**Aim of the exercise**
In the records below, find the line with "2) pill bottle <box>212,460,316,479</box>", then retype it and every following line exactly, stopping after the line with "What 3D cuboid would just fit around the ink". Leave the pictures out.

◆ ◆ ◆ ◆

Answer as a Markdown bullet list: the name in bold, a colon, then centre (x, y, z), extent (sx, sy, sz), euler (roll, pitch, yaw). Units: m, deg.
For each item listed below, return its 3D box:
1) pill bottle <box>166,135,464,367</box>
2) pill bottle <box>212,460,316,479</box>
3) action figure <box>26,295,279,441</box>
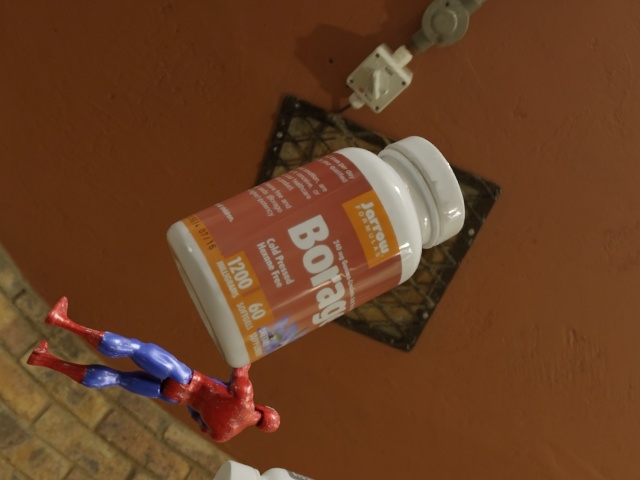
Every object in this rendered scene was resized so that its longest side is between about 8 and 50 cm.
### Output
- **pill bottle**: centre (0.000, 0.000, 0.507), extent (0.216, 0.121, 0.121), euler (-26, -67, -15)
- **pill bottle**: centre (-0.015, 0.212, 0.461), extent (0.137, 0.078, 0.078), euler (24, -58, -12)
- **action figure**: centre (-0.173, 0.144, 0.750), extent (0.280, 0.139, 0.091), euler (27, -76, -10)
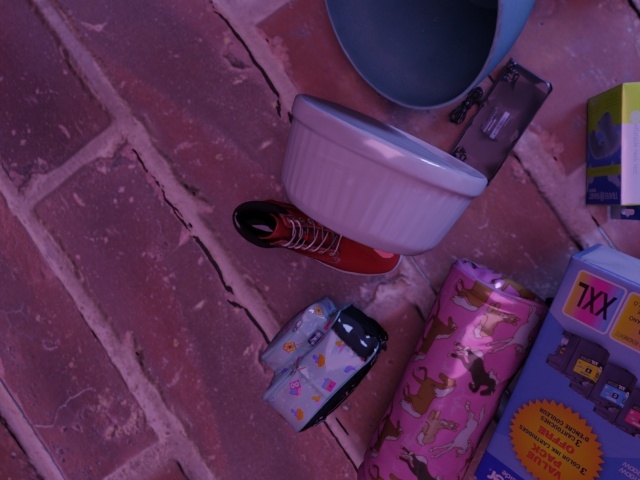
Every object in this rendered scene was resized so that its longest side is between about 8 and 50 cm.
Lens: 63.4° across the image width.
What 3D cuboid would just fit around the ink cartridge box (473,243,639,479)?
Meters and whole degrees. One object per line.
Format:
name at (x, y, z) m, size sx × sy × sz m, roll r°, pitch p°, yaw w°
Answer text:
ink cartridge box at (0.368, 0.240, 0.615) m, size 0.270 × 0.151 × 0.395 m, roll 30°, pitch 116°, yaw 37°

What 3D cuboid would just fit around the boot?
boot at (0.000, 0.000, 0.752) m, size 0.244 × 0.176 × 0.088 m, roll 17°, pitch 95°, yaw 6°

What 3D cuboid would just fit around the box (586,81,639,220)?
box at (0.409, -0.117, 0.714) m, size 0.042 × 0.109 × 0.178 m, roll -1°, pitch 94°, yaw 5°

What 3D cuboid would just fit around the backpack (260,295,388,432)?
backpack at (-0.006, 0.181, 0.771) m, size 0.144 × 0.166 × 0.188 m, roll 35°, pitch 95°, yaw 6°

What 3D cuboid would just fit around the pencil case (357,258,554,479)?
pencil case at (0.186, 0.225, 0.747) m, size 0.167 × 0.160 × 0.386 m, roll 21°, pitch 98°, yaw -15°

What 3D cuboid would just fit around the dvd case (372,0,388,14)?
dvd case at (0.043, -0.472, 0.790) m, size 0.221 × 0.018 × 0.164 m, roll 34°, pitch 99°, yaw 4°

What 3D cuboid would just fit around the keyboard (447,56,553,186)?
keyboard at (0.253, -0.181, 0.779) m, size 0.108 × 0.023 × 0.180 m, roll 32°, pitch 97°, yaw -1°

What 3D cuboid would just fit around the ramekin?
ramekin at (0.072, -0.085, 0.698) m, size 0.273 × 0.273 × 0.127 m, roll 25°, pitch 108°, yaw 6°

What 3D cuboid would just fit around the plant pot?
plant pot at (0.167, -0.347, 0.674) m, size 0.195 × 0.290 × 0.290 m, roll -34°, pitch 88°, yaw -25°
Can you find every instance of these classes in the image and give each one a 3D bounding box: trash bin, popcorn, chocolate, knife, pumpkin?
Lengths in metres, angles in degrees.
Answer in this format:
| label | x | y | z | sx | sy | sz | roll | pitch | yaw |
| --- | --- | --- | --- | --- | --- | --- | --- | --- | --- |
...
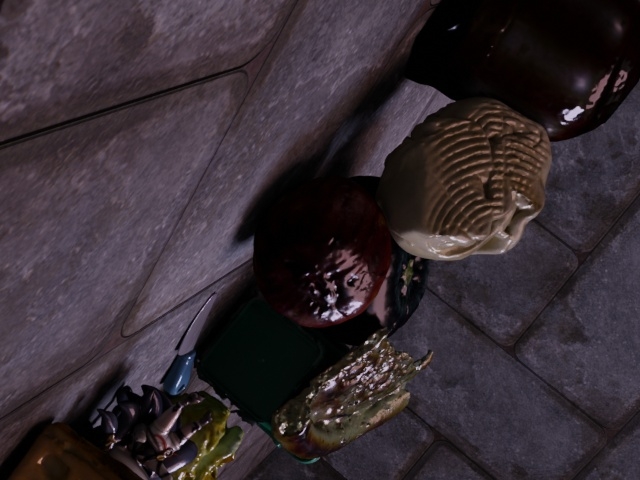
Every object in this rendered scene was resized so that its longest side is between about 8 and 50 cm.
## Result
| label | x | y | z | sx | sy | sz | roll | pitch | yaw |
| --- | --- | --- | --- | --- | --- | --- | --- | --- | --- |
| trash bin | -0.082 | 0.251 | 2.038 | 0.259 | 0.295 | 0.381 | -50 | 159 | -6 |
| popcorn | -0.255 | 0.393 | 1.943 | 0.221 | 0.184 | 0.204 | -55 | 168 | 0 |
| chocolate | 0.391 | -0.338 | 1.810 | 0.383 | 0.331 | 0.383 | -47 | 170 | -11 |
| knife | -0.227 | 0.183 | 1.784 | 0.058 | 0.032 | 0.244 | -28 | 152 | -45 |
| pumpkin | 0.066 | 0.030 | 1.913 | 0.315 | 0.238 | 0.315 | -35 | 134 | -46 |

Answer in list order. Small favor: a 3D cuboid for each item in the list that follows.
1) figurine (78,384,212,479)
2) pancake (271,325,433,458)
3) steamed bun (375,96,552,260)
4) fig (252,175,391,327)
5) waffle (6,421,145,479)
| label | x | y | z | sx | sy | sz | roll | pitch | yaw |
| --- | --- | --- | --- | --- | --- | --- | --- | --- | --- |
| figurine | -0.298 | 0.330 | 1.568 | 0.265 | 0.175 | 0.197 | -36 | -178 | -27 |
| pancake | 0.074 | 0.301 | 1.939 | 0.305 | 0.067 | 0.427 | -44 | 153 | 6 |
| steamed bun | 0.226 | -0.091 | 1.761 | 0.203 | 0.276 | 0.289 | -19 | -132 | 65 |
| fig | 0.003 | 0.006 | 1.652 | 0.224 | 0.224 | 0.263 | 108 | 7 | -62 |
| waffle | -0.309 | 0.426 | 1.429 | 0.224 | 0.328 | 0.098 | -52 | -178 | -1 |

◆ ◆ ◆ ◆

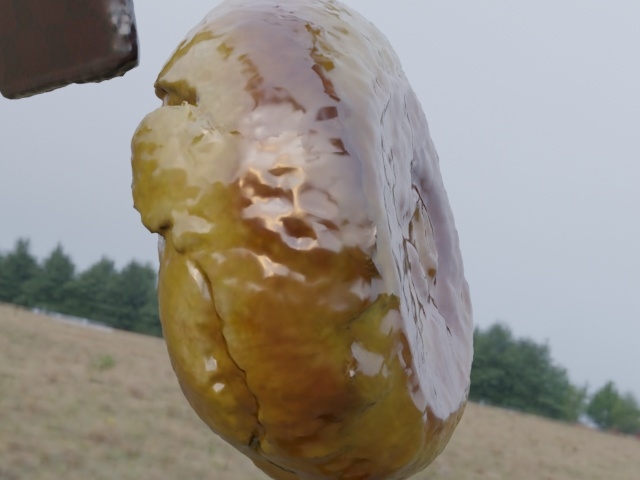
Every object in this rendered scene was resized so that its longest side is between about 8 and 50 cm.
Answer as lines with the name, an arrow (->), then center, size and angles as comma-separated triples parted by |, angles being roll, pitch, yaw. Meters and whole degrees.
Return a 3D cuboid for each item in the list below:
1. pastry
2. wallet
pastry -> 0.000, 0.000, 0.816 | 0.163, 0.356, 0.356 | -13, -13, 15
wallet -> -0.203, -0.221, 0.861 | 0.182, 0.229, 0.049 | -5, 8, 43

◆ ◆ ◆ ◆

**Exercise solution**
2) pill bottle <box>212,460,316,479</box>
3) action figure <box>26,295,279,441</box>
Every object in this rendered scene was resized so that its longest side is between about 8 and 50 cm.
### Output
- **pill bottle**: centre (0.000, 0.000, 0.507), extent (0.216, 0.121, 0.121), euler (-26, -67, -15)
- **pill bottle**: centre (-0.015, 0.212, 0.461), extent (0.137, 0.078, 0.078), euler (24, -58, -12)
- **action figure**: centre (-0.173, 0.144, 0.750), extent (0.280, 0.139, 0.091), euler (27, -76, -10)
Every object in this rendered scene was resized so that its longest side is between about 8 and 50 cm.
Lens: 63.4° across the image width.
What 3D cuboid would just fit around the ink cartridge box (473,243,639,479)?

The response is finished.